_AIM OF THE TASK_.
Please return only the lines from the one holding "table_header Orgaan [790, 239, 971, 324]" through the one holding "text heeft de", exactly as they appear in the records below, both ends included.

(Data records)
----------

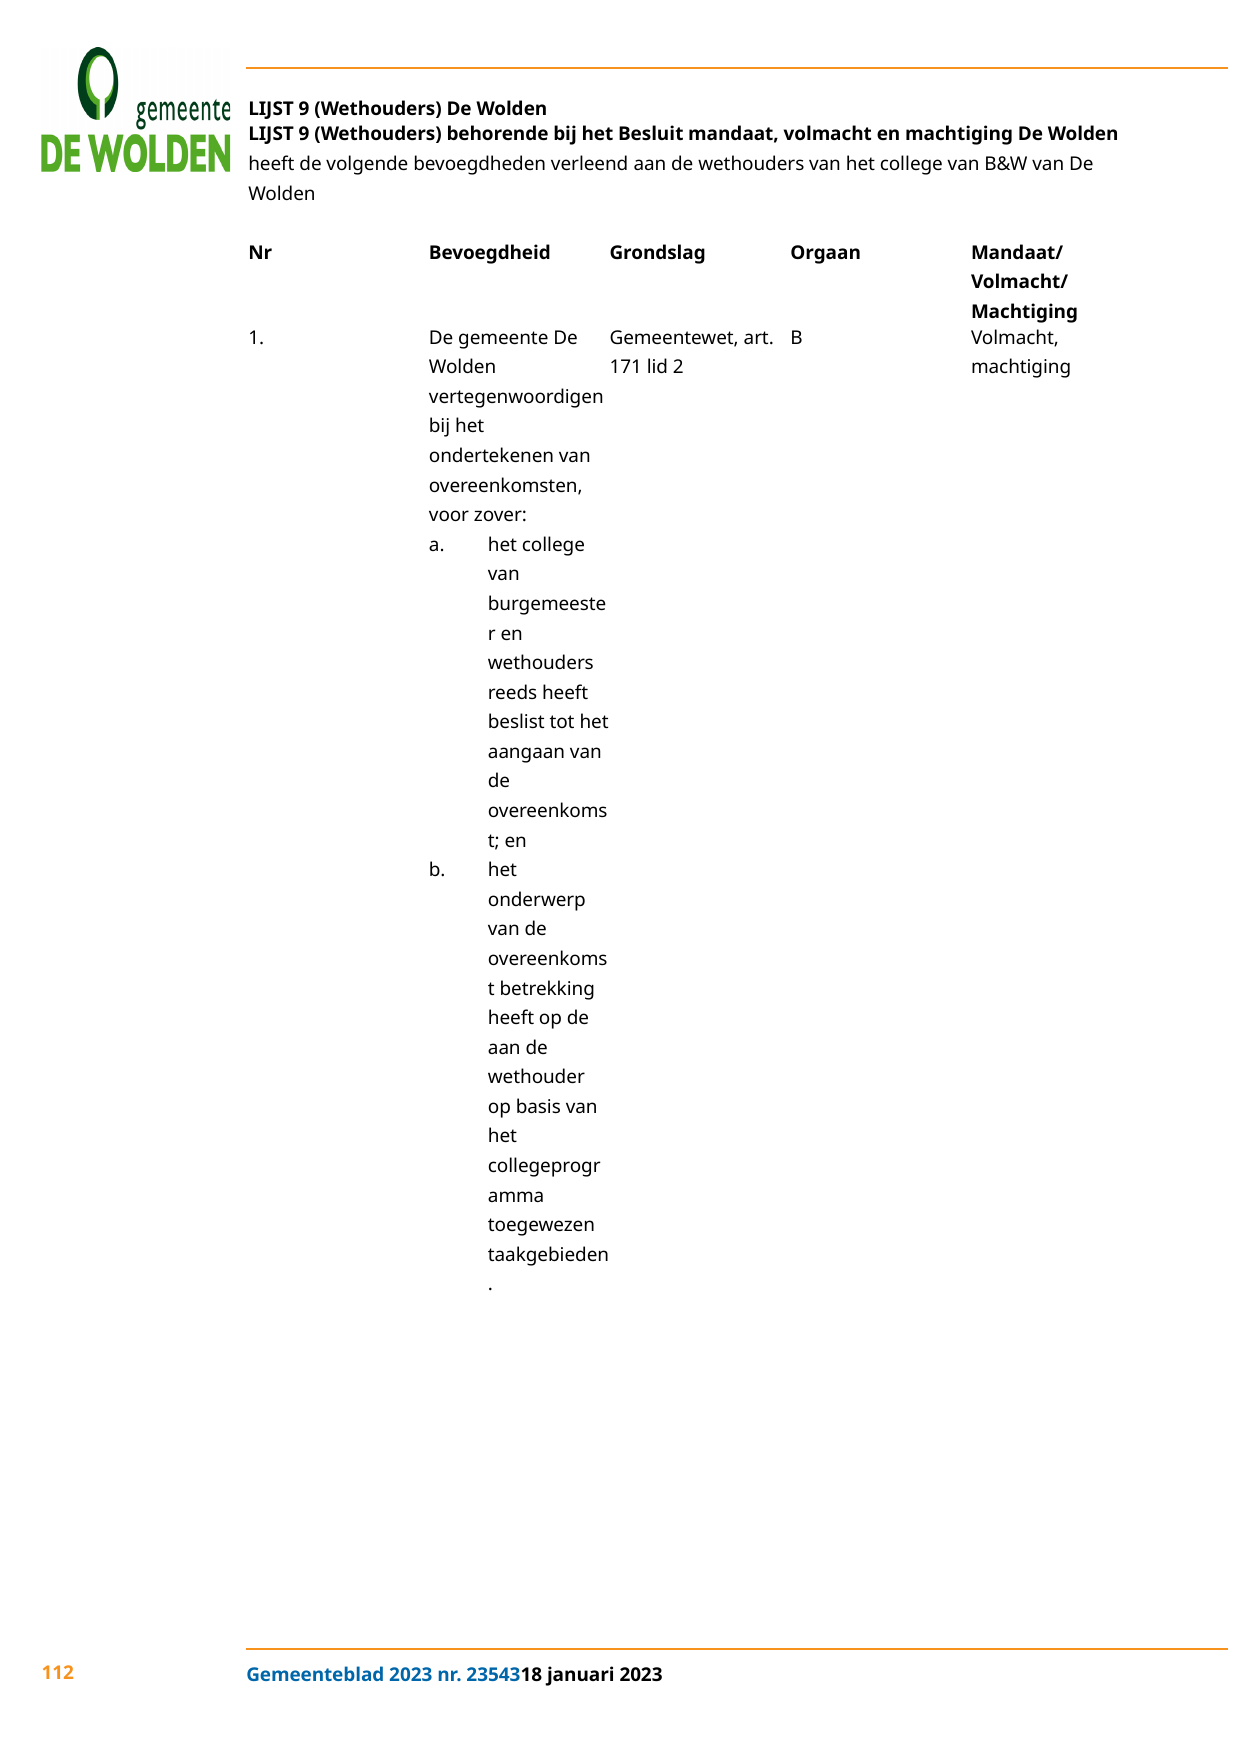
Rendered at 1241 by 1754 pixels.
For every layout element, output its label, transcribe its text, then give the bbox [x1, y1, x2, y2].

table_header Grondslag [609, 239, 790, 324]
text LIJST 9 (Wethouders) behorende bij het Besluit mandaat, volmacht en machtiging De Wolden [248, 121, 1152, 146]
text LIJST 9 (Wethouders) De Wolden [248, 95, 1152, 121]
table_cell B [790, 324, 971, 1296]
table_header Orgaan [790, 239, 971, 324]
table_header Nr [248, 239, 429, 324]
table_cell Volmacht, machtiging [971, 324, 1152, 1296]
table_cell Gemeentewet, art. 171 lid 2 [609, 324, 790, 1296]
table_header Mandaat/Volmacht/Machtiging [971, 239, 1152, 324]
table_header Bevoegdheid [429, 239, 609, 324]
text heeft de volgende bevoegdheden verleend aan de wethouders van het college van B&W van De Wolden [248, 150, 1152, 206]
table_cell De gemeente De Wolden vertegenwoordigen bij het ondertekenen van overeenkomsten, voor zover: het college van burgemeester en wethouders reeds heeft beslist tot het aangaan van de overeenkomst; en het onderwerp van de overeenkomst betrekking heeft op de aan de wethouder op basis van het collegeprogramma toegewezen taakgebieden. [429, 324, 609, 1296]
picture [41, 47, 231, 172]
table_cell 1. [248, 324, 429, 1296]
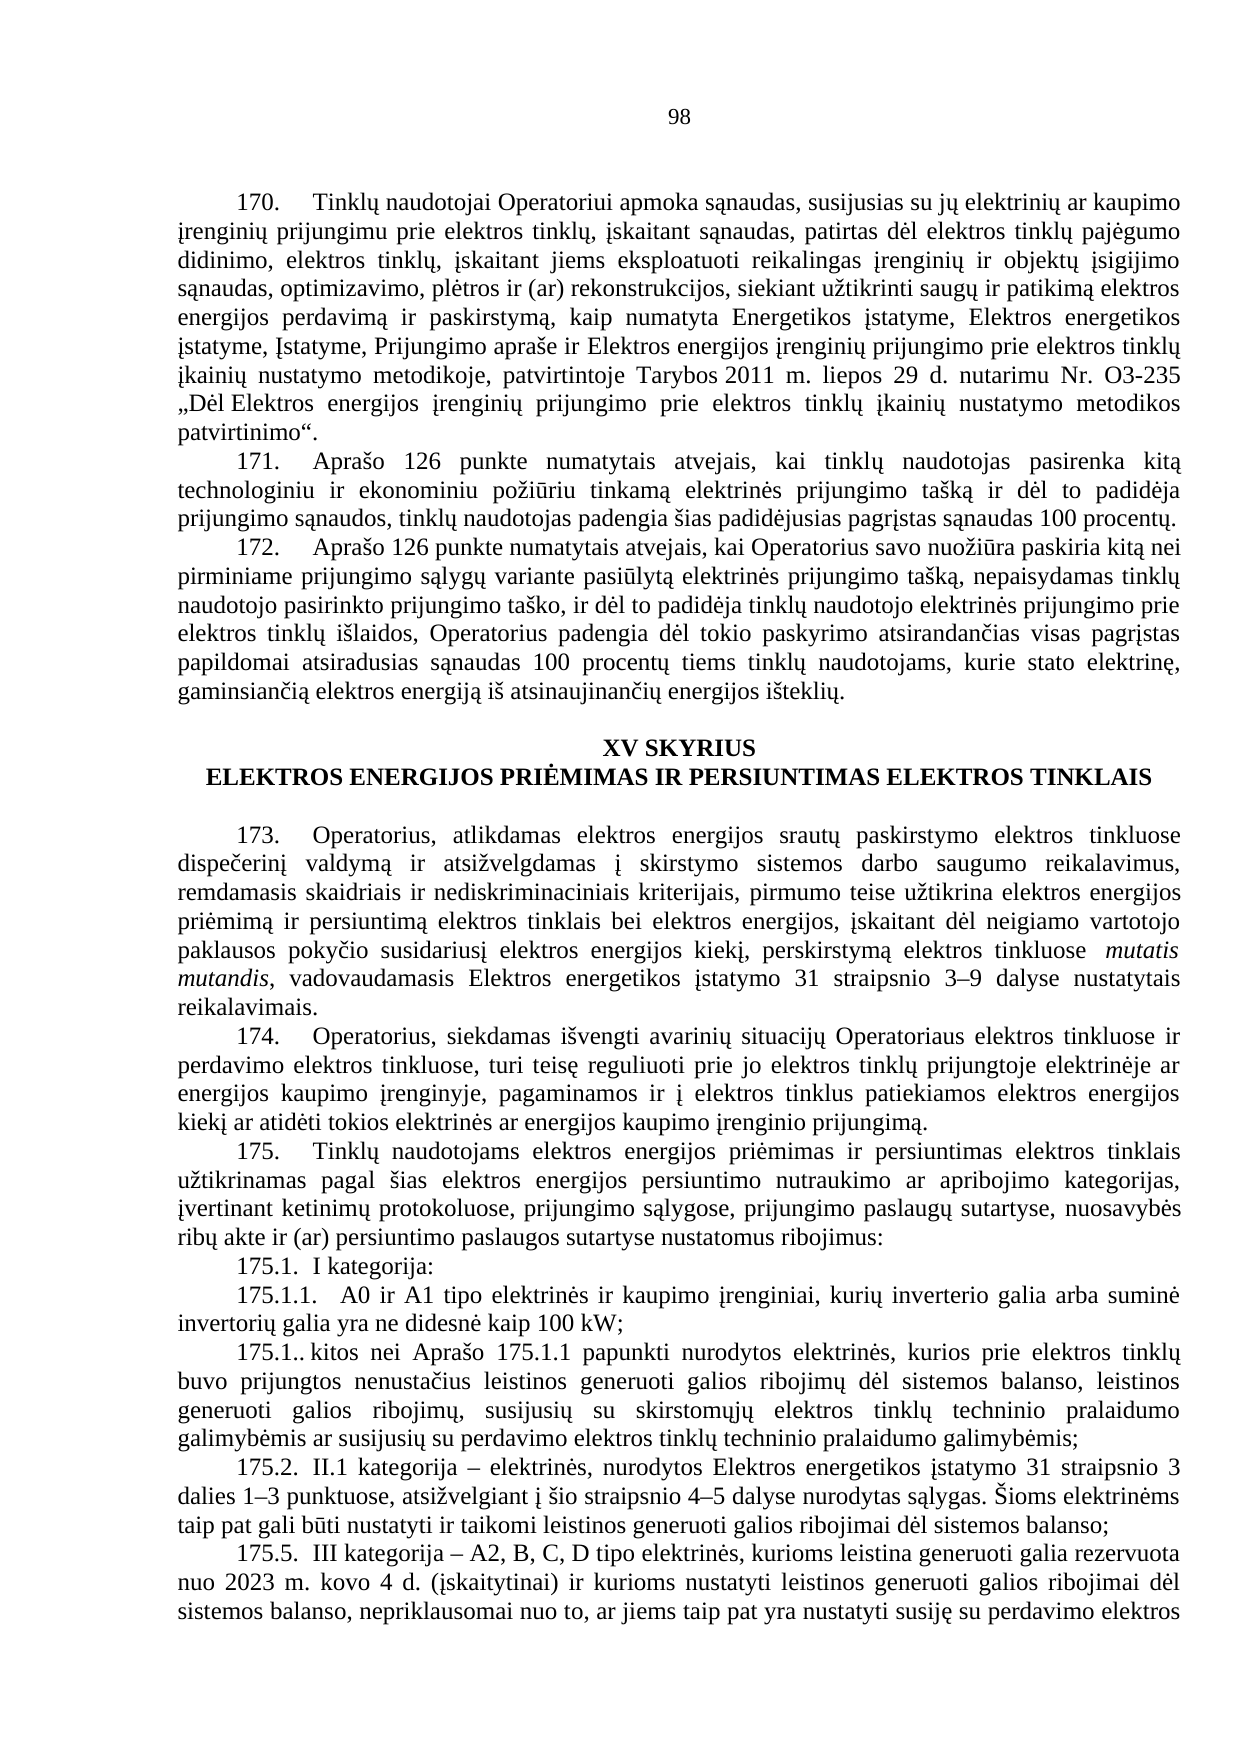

----------

_RESPONSE BOX_.
table_header Orgaan [790, 239, 971, 324]
table_header Nr [248, 239, 429, 324]
table_cell Volmacht, machtiging [971, 324, 1152, 1296]
table_cell Gemeentewet, art. 171 lid 2 [609, 324, 790, 1296]
table_header Mandaat/Volmacht/Machtiging [971, 239, 1152, 324]
table_header Bevoegdheid [429, 239, 609, 324]
text heeft de volgende bevoegdheden verleend aan de wethouders van het college van B&W van De Wolden [248, 150, 1152, 206]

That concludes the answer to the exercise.